Réunion du 19 octobre 2007 à 9h30
Projet de loi de finances pour 2008 — Prélèvement au titre du budget des communautés européennes

Photo issue du site de l'Assemblée nationale ou de WikipediaFrançois Asensi :

On se prend pourtant à rêver de ce que pourrait être une ambitieuse politique publique de solidarité européenne. Elle permettrait un rattrapage économique, social et environnemental aux douze derniers pays adhérents. Faut-il rappeler que ce sont les fortes dotations budgétaires de l'Europe qui ont permis à l'Espagne, au Portugal ou à l'Irlande de devenir de grands pays européens ? Pourquoi n'a-t-on pas la même volonté de solidarité pour les nouveaux entrants ?

Par exemple, une ambitieuse politique publique européenne permettrait également de mettre en oeuvre une autre politique agricole commune. La PAC, qui consomme actuellement 43 % du budget européen, n'empêche pas la désertification de nos campagnes, favorise une agriculture intensive destructrice de l'environnement et renforce l'exploitation des paysans du Sud. L'Europe ne devrait-elle pas montrer l'exemple en matière agricole, afin de promouvoir souveraineté alimentaire, préoccupation écologique et juste rémunération des pays en voie de développement ?

Ce qui se produit est le contraire d'une telle politique. À l'intérieur de ses frontières, l'Union européenne n'a donc pour seule ambition que d'installer un ultralibéralisme destructeur des solidarités et des biens publics. À l'extérieur, elle mène une politique de fermeture et de repli sur soi indigne du grand projet humaniste qu'elle doit porter.

Cette politique de l'Europe forteresse s'est tragiquement concrétisée en juin 2005 avec les cadavres des clandestins accrochés aux barbelés de Ceuta et Melilla. Mais c'est chaque jour que l'Europe forteresse produit ses tragiques effets. On décompte au moins 3 000 morts entre décembre 2003 et 2006 aux portes de l'Europe. Plus insidieusement, l'Union européenne tente d'« externaliser » le contrôle de l'immigration, en installant dans les pays d'origine ou de transit des centres de tri. Toutes ces méthodes entraînent des violations répétées des droits de l'homme, que dénoncent les ONG.

L'Europe voulue par le Président de la République poursuit des ambitions contre lesquelles la France s'est pourtant levée en 2005 en votant « non », réclamant une Europe solidaire, une Europe ouverte, une Europe de la paix, une Europe capable de résister au pôle états-unien et au pôle asiatique.

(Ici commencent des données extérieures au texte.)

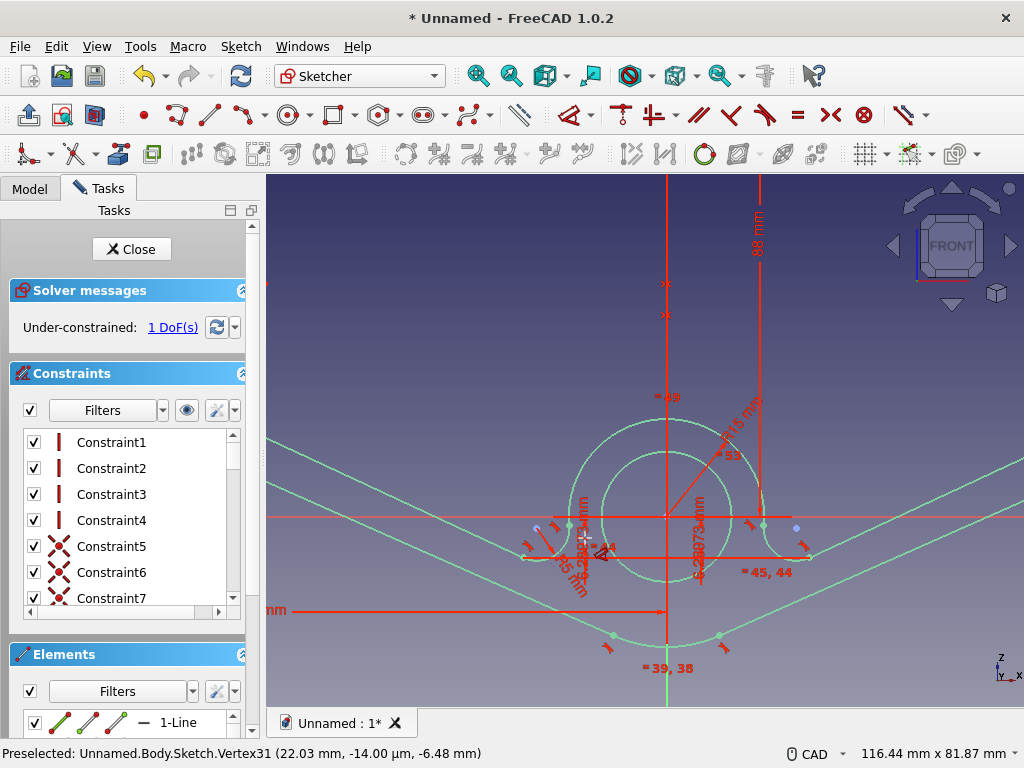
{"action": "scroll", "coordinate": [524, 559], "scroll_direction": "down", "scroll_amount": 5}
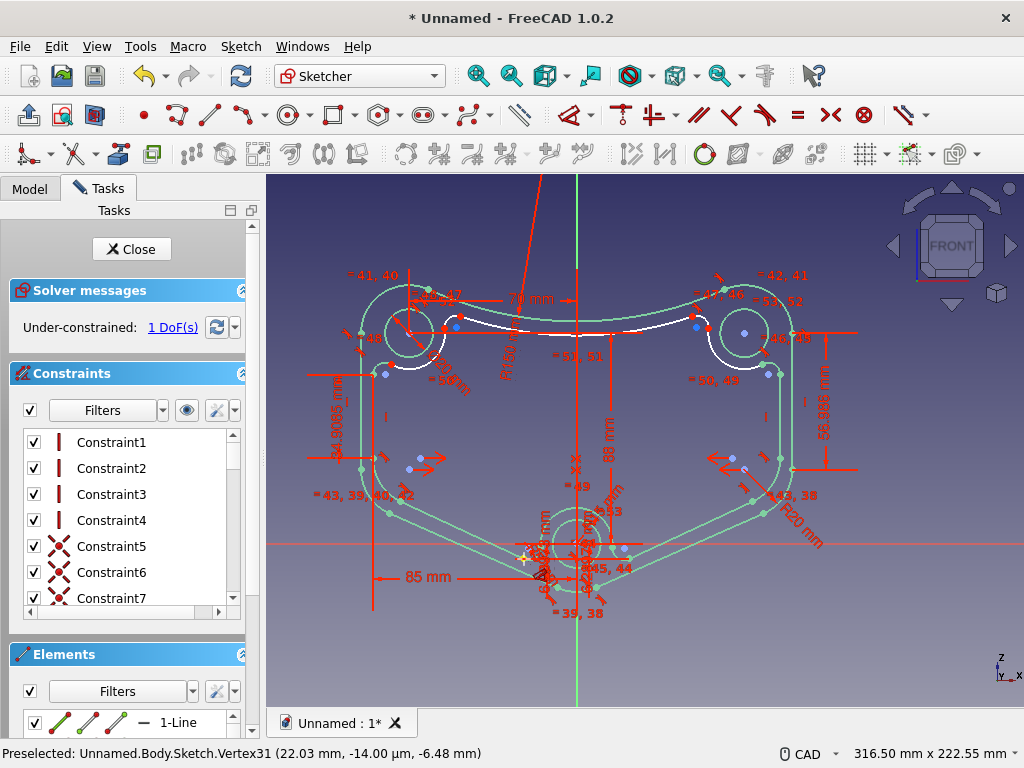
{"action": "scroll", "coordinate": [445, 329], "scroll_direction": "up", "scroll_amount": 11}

Mais le Président de la République a montré le peu de cas qu'il fait du suffrage universel. À peine élu, il remet sur les rails ce que les Français ont refusé en mai 2005. Quelles sont les ambitions de son traité simplifié, soutenu étonnamment à la fois par les tenants du « oui » et par les eurosceptiques ? Est-il plus clair, plus lisible ? Les rédacteurs ont renoncé eux-mêmes aux expressions de « mini-traité » ou de « traité simplifié », puisqu'il ne comporte, avec ses 12 protocoles et ses 25 déclarations diverses, pas moins de 256 pages, plus technocratiques les une que les autres. Ce mini-traité indique clairement que le message délivré en 2005 est nié par les dirigeants de notre pays. Alors que les Français, par leur refus, réclament une Europe de la solidarité, des droits sociaux et de la démocratie, on leur propose à nouveau une Europe libérale, antisociale et bureaucratique.

Ce déni du suffrage universel atteindrait un sommet si le Gouvernement – ou, plutôt, le Président de la République – refusait au peuple son droit au référendum. Jamais la question européenne n'avait pourtant été aussi centrale que lors du débat tenu en 2005. Il faut, monsieur le ministre, redonner la parole au peuple.

Le jour même où le sommet de Lisbonne entérine ce projet de traité simplifié et à quelques mois de la présidence française de l'Union européenne, cet article 31 du projet de loi de finances porte tout le paradoxe de la politique européenne actuelle. La participation de l'État français au budget européen sera un jour le moyen de mener une politique véritablement ambitieuse pour l'Europe. Mais tant qu'il incarnera cette Europe libérale, sans solidarité, ni démocratie, les députés communistes ne pourront que voter contre.